▶ _EXERCISE INSTRUCTIONS_:
From the line containing "Give a very brief answer. 14.67. Across" down to the line containing "Provide a succinct answer. 14.67." in the records below, reproduce every line exactly, ends included, and omit all others.

▶ _Items from a dataset_:

((

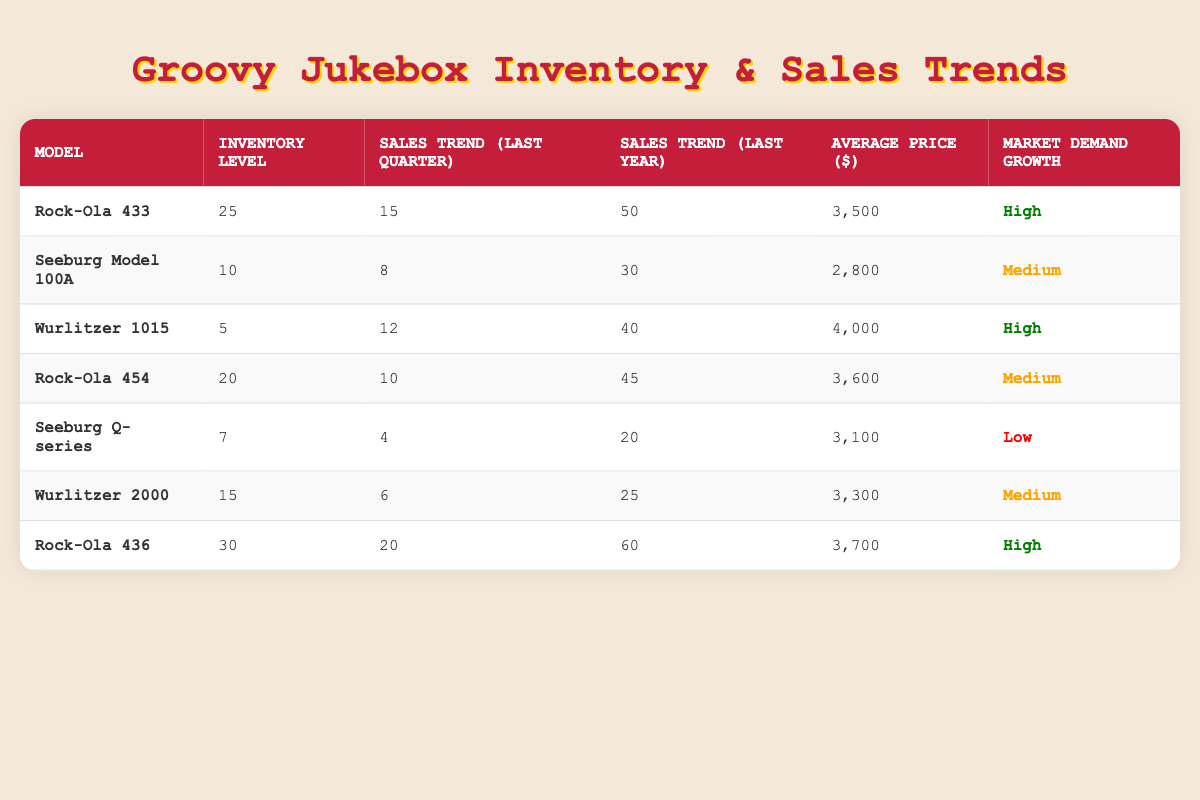What is the inventory level of the Wurlitzer 1015? The table shows the entry for Wurlitzer 1015 under the "Inventory Level" column, which lists the value of 5.
Answer: 5 How many jukebox models have a high market demand growth? The table lists models and their market demand growth; scanning through the entries, Rock-Ola 433, Wurlitzer 1015, and Rock-Ola 436 are marked as having high growth, totaling 3 models.
Answer: 3 What is the average price of the Rock-Ola 454? The table indicates that the average price for the Rock-Ola 454 is listed as 3600 in the "Average Price" column.
Answer: 3600 Which jukebox model has the lowest sales trend in the last quarter? By comparing the "Sales Trend (Last Quarter)" values, Seeburg Q-series has the lowest at 4, which is less than the values of all other models.
Answer: Seeburg Q-series Calculate the total inventory level of all jukebox models. To find the total inventory, sum the inventory levels: 25 (Rock-Ola 433) + 10 (Seeburg Model 100A) + 5 (Wurlitzer 1015) + 20 (Rock-Ola 454) + 7 (Seeburg Q-series) + 15 (Wurlitzer 2000) + 30 (Rock-Ola 436) equals 112.
Answer: 112 Is the average sales trend for last year of the Wurlitzer 2000 above or below 30? The average sales trend for the last year for Wurlitzer 2000 is stated as 25, which is below 30.
Answer: Below Which model has the highest average price, and what is that price? The table shows the average prices, and Wurlitzer 1015 has the highest listed price at 4000.
Answer: Wurlitzer 1015, 4000 What percentage of the inventory level does the Rock-Ola 436 represent in total inventory? The total inventory is 112, and Rock-Ola 436 has 30; the calculation is (30/112) * 100, which equals approximately 26.79%.
Answer: Approximately 26.79% How many more units of the Rock-Ola 433 are in inventory compared to the Seeburg Q-series? The Rock-Ola 433 has an inventory level of 25 while the Seeburg Q-series has 7; therefore, 25 - 7 equals 18 more units.
Answer: 18 If Wurlitzer 1015 sells 12 units, what will its new inventory be? The current inventory is 5, and if it sells 12 units, the new inventory would be 5 - 12, resulting in a negative inventory of -7.
Answer: -7 
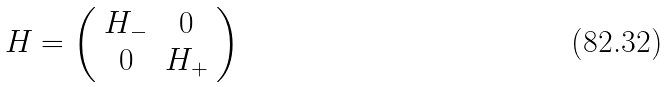Convert formula to latex. <formula><loc_0><loc_0><loc_500><loc_500>H = \left ( \begin{array} { c c } H _ { - } & 0 \\ 0 & H _ { + } \end{array} \right )</formula> 
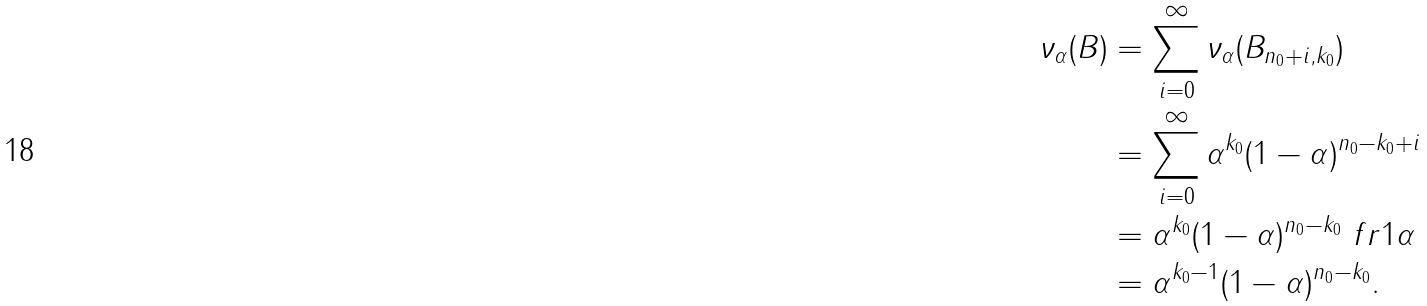Convert formula to latex. <formula><loc_0><loc_0><loc_500><loc_500>\nu _ { \alpha } ( B ) & = \sum _ { i = 0 } ^ { \infty } \nu _ { \alpha } ( B _ { n _ { 0 } + i , k _ { 0 } } ) \\ & = \sum _ { i = 0 } ^ { \infty } \alpha ^ { k _ { 0 } } ( 1 - \alpha ) ^ { n _ { 0 } - k _ { 0 } + i } \\ & = \alpha ^ { k _ { 0 } } ( 1 - \alpha ) ^ { n _ { 0 } - k _ { 0 } } \ f r { 1 } { \alpha } \\ & = \alpha ^ { k _ { 0 } - 1 } ( 1 - \alpha ) ^ { n _ { 0 } - k _ { 0 } } .</formula> 
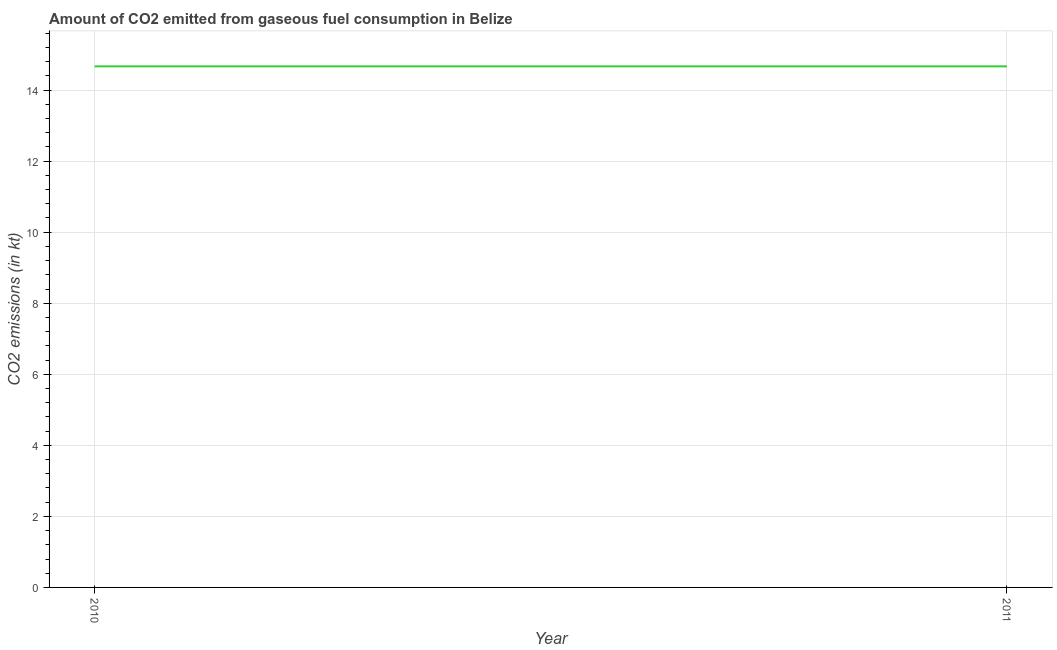What is the co2 emissions from gaseous fuel consumption in 2010?
Offer a terse response. 14.67. Across all years, what is the maximum co2 emissions from gaseous fuel consumption?
Give a very brief answer. 14.67. Across all years, what is the minimum co2 emissions from gaseous fuel consumption?
Your answer should be very brief. 14.67. In which year was the co2 emissions from gaseous fuel consumption minimum?
Your response must be concise. 2010. What is the sum of the co2 emissions from gaseous fuel consumption?
Give a very brief answer. 29.34. What is the difference between the co2 emissions from gaseous fuel consumption in 2010 and 2011?
Keep it short and to the point. 0. What is the average co2 emissions from gaseous fuel consumption per year?
Give a very brief answer. 14.67. What is the median co2 emissions from gaseous fuel consumption?
Provide a succinct answer. 14.67. In how many years, is the co2 emissions from gaseous fuel consumption greater than 4.8 kt?
Provide a succinct answer. 2. What is the ratio of the co2 emissions from gaseous fuel consumption in 2010 to that in 2011?
Provide a succinct answer. 1. In how many years, is the co2 emissions from gaseous fuel consumption greater than the average co2 emissions from gaseous fuel consumption taken over all years?
Offer a very short reply. 0. Does the co2 emissions from gaseous fuel consumption monotonically increase over the years?
Your answer should be compact. No. How many lines are there?
Ensure brevity in your answer.  1. How many years are there in the graph?
Provide a short and direct response. 2. What is the difference between two consecutive major ticks on the Y-axis?
Your answer should be compact. 2. Are the values on the major ticks of Y-axis written in scientific E-notation?
Give a very brief answer. No. Does the graph contain grids?
Provide a short and direct response. Yes. What is the title of the graph?
Your answer should be compact. Amount of CO2 emitted from gaseous fuel consumption in Belize. What is the label or title of the Y-axis?
Your answer should be very brief. CO2 emissions (in kt). What is the CO2 emissions (in kt) of 2010?
Offer a terse response. 14.67. What is the CO2 emissions (in kt) of 2011?
Keep it short and to the point. 14.67. What is the ratio of the CO2 emissions (in kt) in 2010 to that in 2011?
Your answer should be compact. 1. 
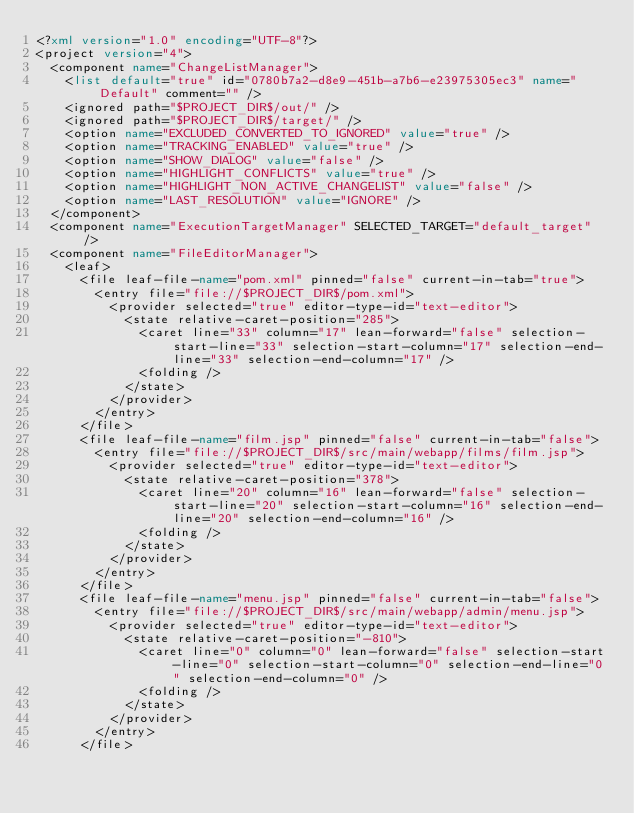<code> <loc_0><loc_0><loc_500><loc_500><_XML_><?xml version="1.0" encoding="UTF-8"?>
<project version="4">
  <component name="ChangeListManager">
    <list default="true" id="0780b7a2-d8e9-451b-a7b6-e23975305ec3" name="Default" comment="" />
    <ignored path="$PROJECT_DIR$/out/" />
    <ignored path="$PROJECT_DIR$/target/" />
    <option name="EXCLUDED_CONVERTED_TO_IGNORED" value="true" />
    <option name="TRACKING_ENABLED" value="true" />
    <option name="SHOW_DIALOG" value="false" />
    <option name="HIGHLIGHT_CONFLICTS" value="true" />
    <option name="HIGHLIGHT_NON_ACTIVE_CHANGELIST" value="false" />
    <option name="LAST_RESOLUTION" value="IGNORE" />
  </component>
  <component name="ExecutionTargetManager" SELECTED_TARGET="default_target" />
  <component name="FileEditorManager">
    <leaf>
      <file leaf-file-name="pom.xml" pinned="false" current-in-tab="true">
        <entry file="file://$PROJECT_DIR$/pom.xml">
          <provider selected="true" editor-type-id="text-editor">
            <state relative-caret-position="285">
              <caret line="33" column="17" lean-forward="false" selection-start-line="33" selection-start-column="17" selection-end-line="33" selection-end-column="17" />
              <folding />
            </state>
          </provider>
        </entry>
      </file>
      <file leaf-file-name="film.jsp" pinned="false" current-in-tab="false">
        <entry file="file://$PROJECT_DIR$/src/main/webapp/films/film.jsp">
          <provider selected="true" editor-type-id="text-editor">
            <state relative-caret-position="378">
              <caret line="20" column="16" lean-forward="false" selection-start-line="20" selection-start-column="16" selection-end-line="20" selection-end-column="16" />
              <folding />
            </state>
          </provider>
        </entry>
      </file>
      <file leaf-file-name="menu.jsp" pinned="false" current-in-tab="false">
        <entry file="file://$PROJECT_DIR$/src/main/webapp/admin/menu.jsp">
          <provider selected="true" editor-type-id="text-editor">
            <state relative-caret-position="-810">
              <caret line="0" column="0" lean-forward="false" selection-start-line="0" selection-start-column="0" selection-end-line="0" selection-end-column="0" />
              <folding />
            </state>
          </provider>
        </entry>
      </file></code> 
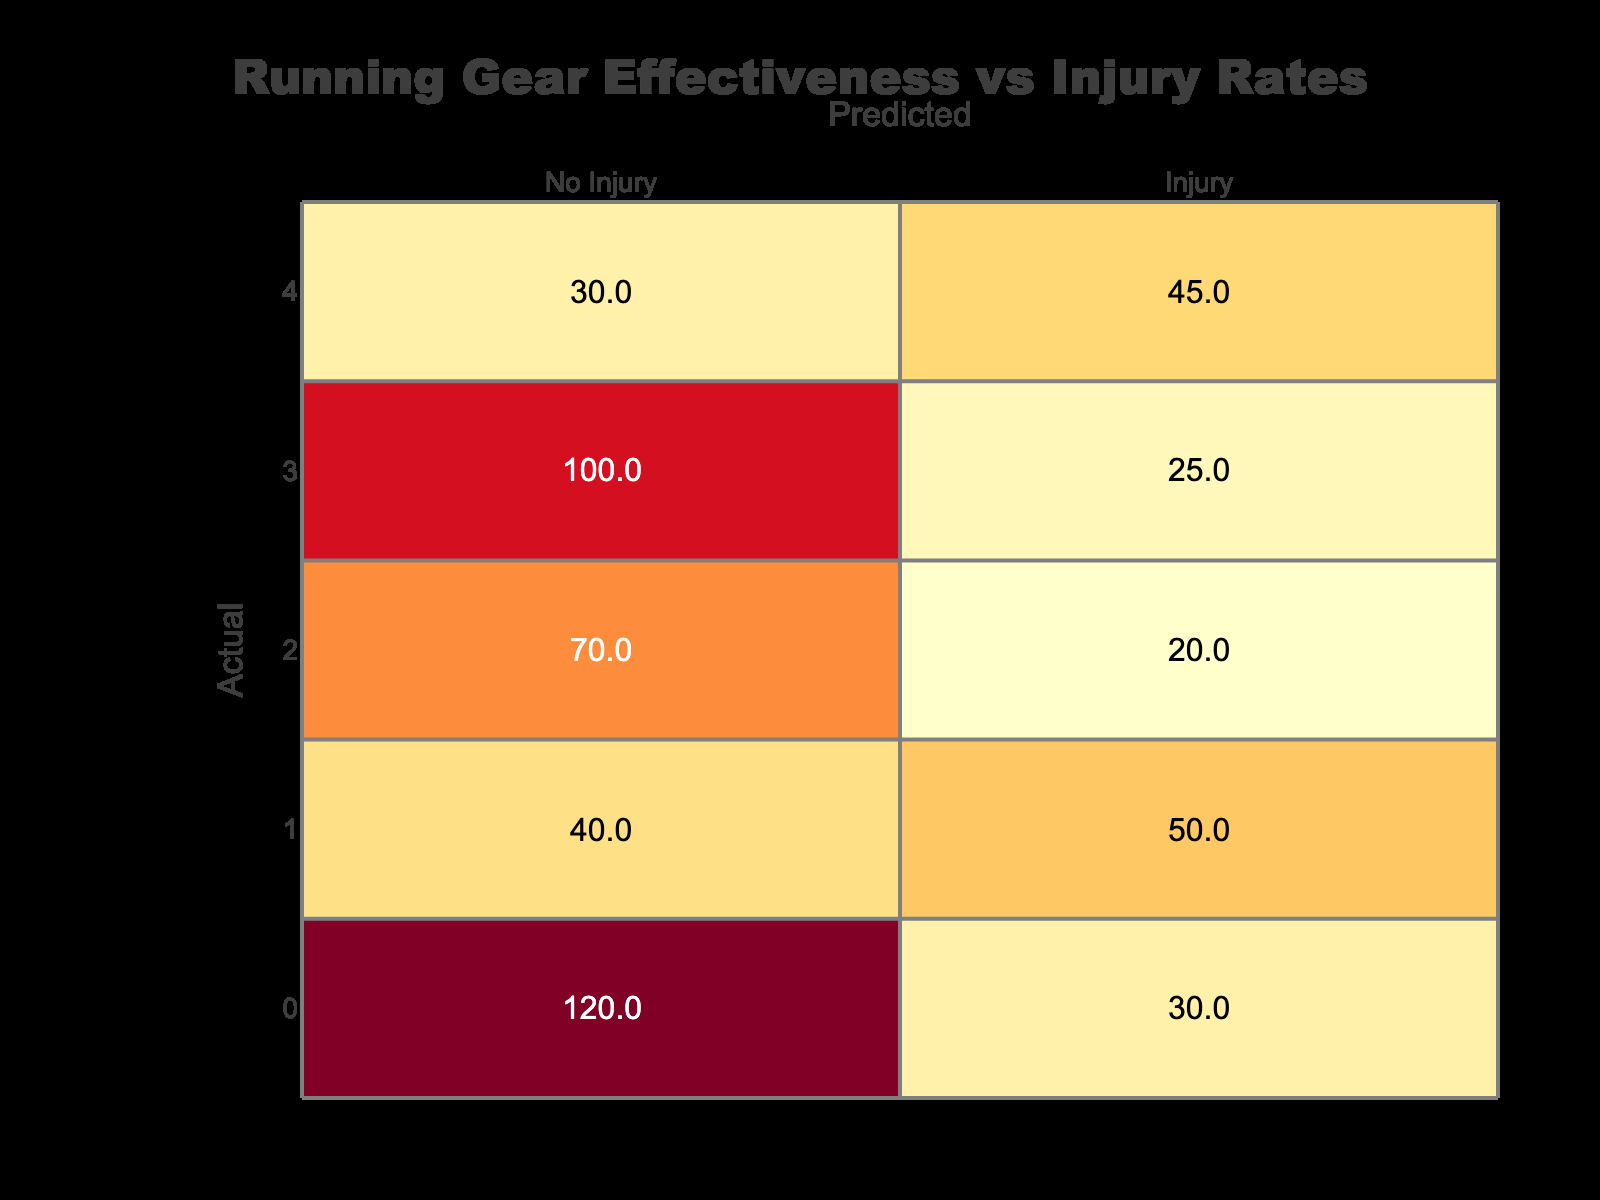What is the predicted number of injuries for old/used shoes? The table shows that the predicted number of injuries for old/used shoes is 45.
Answer: 45 What is the total number of athletes who experienced injuries while wearing supportive running shoes? The table indicates that the total number of injuries reported for supportive running shoes is 25.
Answer: 25 Which type of shoes has the highest predicted number of injuries? From the table, low-quality sneakers have the highest predicted number of injuries with 50.
Answer: Low-Quality Sneakers What is the total number of runners with no injuries across all shoe types? Summing the values for no injury across all shoe types gives (120 + 40 + 70 + 100 + 30) = 360.
Answer: 360 Are there more injuries predicted for old/used shoes than for high-quality sneakers? Yes, the predicted injuries for old/used shoes are 45, while for high-quality sneakers, it is 30.
Answer: Yes What percentage of runners using minimalist shoes are predicted to experience injuries? The predicted injuries for minimalist shoes are 20, and the total for minimalist shoes (20 + 70) = 90. Therefore, the percentage is (20/90) * 100 = 22.22%.
Answer: 22.22% What is the difference in the predicted number of injuries between low-quality sneakers and supportive running shoes? Low-quality sneakers have 50 predicted injuries, while supportive running shoes predict 25 injuries. The difference is 50 - 25 = 25.
Answer: 25 What is the average predicted number of injuries for all types of shoes combined? Summing the predicted injured patients (30 + 50 + 20 + 25 + 45 = 170), and there are 5 types of shoes, gives an average of 170/5 = 34.
Answer: 34 Is it true that supportive running shoes have a higher total number of no injuries compared to minimalist shoes? Yes, supportive running shoes have 100 no injuries while minimalist shoes have 70.
Answer: Yes

))

▶ _EXERCISE ANSWER_:
Give a very brief answer. 14.67. Across all years, what is the minimum co2 emissions from gaseous fuel consumption?
Your answer should be very brief. 14.67. In which year was the co2 emissions from gaseous fuel consumption minimum?
Your response must be concise. 2010. What is the sum of the co2 emissions from gaseous fuel consumption?
Give a very brief answer. 29.34. What is the difference between the co2 emissions from gaseous fuel consumption in 2010 and 2011?
Keep it short and to the point. 0. What is the average co2 emissions from gaseous fuel consumption per year?
Give a very brief answer. 14.67. What is the median co2 emissions from gaseous fuel consumption?
Provide a succinct answer. 14.67. In how many years, is the co2 emissions from gaseous fuel consumption greater than 4.8 kt?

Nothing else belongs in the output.